From the second through the fourth century of Islam, the literary arts blossomed. Scholars perfected the Arabic script and developed rules of grammar for explaining and teaching classical Arabic. They collected hadith reports, wrote them down, and developed a method to distinguish grades of reliability. They collected the vast storehouse of Bedouin Arabic poetry from rawis, wrote down the poems, edited them into anthologies and into diwans (life works of major poets), composed biographies of the great poets of earlier times, and created the science of metrics, even as styles and taste continued to evolve among new generations of poets. They wrote down the Nahj al-Balagha, a collection of khutbas or speeches attributed to Muhammad’s cousin and son-in-law `Ali (d. 661 CE) that became a standard for both its teachings on morality and religion and for the elegance of its style.

Middle Eastern scholars benefitted by the information revolution created in the Middle East when an originally Chinese invention, paper, was wedded to a new culture of the book. Paper was less expensive and more malleable than previous writing surfaces, papyrus and animal skin parchment. The enhanced literary productivity and new technologies of paper and book production resulted in the great libraries of Baghdad, Cairo, and Cordoba and in the burgeoning collections in homes, schools, and shrines across the Islamic world.
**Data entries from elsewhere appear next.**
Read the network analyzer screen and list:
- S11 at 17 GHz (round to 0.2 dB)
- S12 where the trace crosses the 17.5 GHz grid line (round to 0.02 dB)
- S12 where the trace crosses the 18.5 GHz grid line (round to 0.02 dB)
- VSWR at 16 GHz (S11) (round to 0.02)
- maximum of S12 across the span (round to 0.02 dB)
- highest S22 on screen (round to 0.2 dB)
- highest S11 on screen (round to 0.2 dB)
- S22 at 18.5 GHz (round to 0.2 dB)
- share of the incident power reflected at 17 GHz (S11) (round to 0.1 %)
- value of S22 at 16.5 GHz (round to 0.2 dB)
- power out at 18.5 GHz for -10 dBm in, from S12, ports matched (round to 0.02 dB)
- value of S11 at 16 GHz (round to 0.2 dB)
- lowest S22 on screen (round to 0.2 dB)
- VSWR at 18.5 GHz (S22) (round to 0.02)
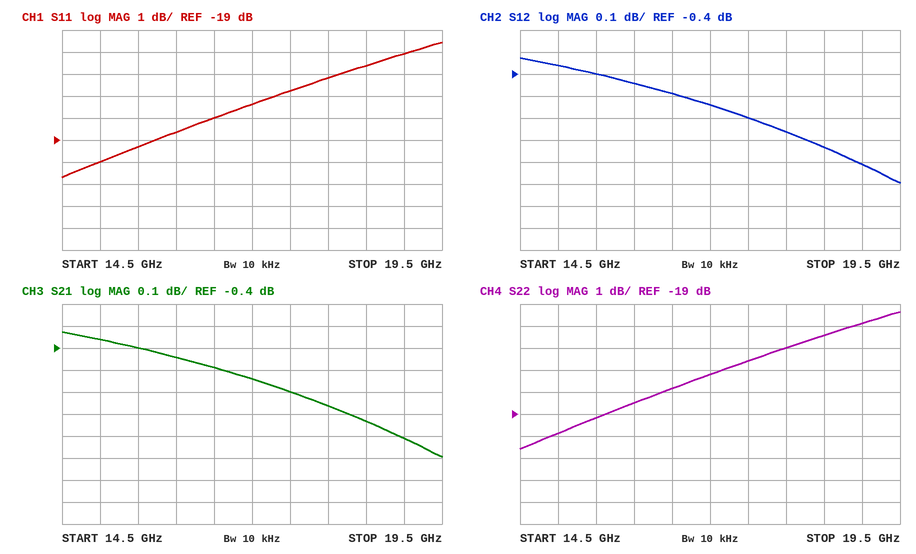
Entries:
-17.4 dB
-0.60 dB
-0.74 dB
1.26
-0.32 dB
-14.4 dB
-14.6 dB
-15.4 dB
1.8 %
-17.8 dB
-10.74 dBm
-18.6 dB
-20.6 dB
1.40

Christian, Jewish, and Muslim scholars debated one another in Arabic, worked together to translate large parts of the heritage of Greek, Persian, and Indian civilization into Arabic, and created robust literatures in the areas of philosophy, theology, qur’anic and biblical commentary, and adab—a term that refers to diverse array of literary genres from travelogues to advice for princes, to essays on personal morality, theology, poetic style, wine-drinking, and grammar. Popular oral tradition such as The Romance of `Antar (a pre-Islamic hero, poet, and lover) and The Arabian Nights expanded rapidly even as scholars composed treatises on law, ethics, mystical theology, and the lives and sayings of early mystics. Ferdowsi (d. 1020 CE) composed the first major work in Farsi (the new version of Persian that re-emerged after the Arab conquest with a new Arabic script), a poetic epic known as the Shahnameh (Book of Kings). This was followed by developments such as the rubaiyat (lyric quatrains) attributed to Omar Khayyam (d. 1190 CE) and the epic romances of Nezami (d. 1209 CE).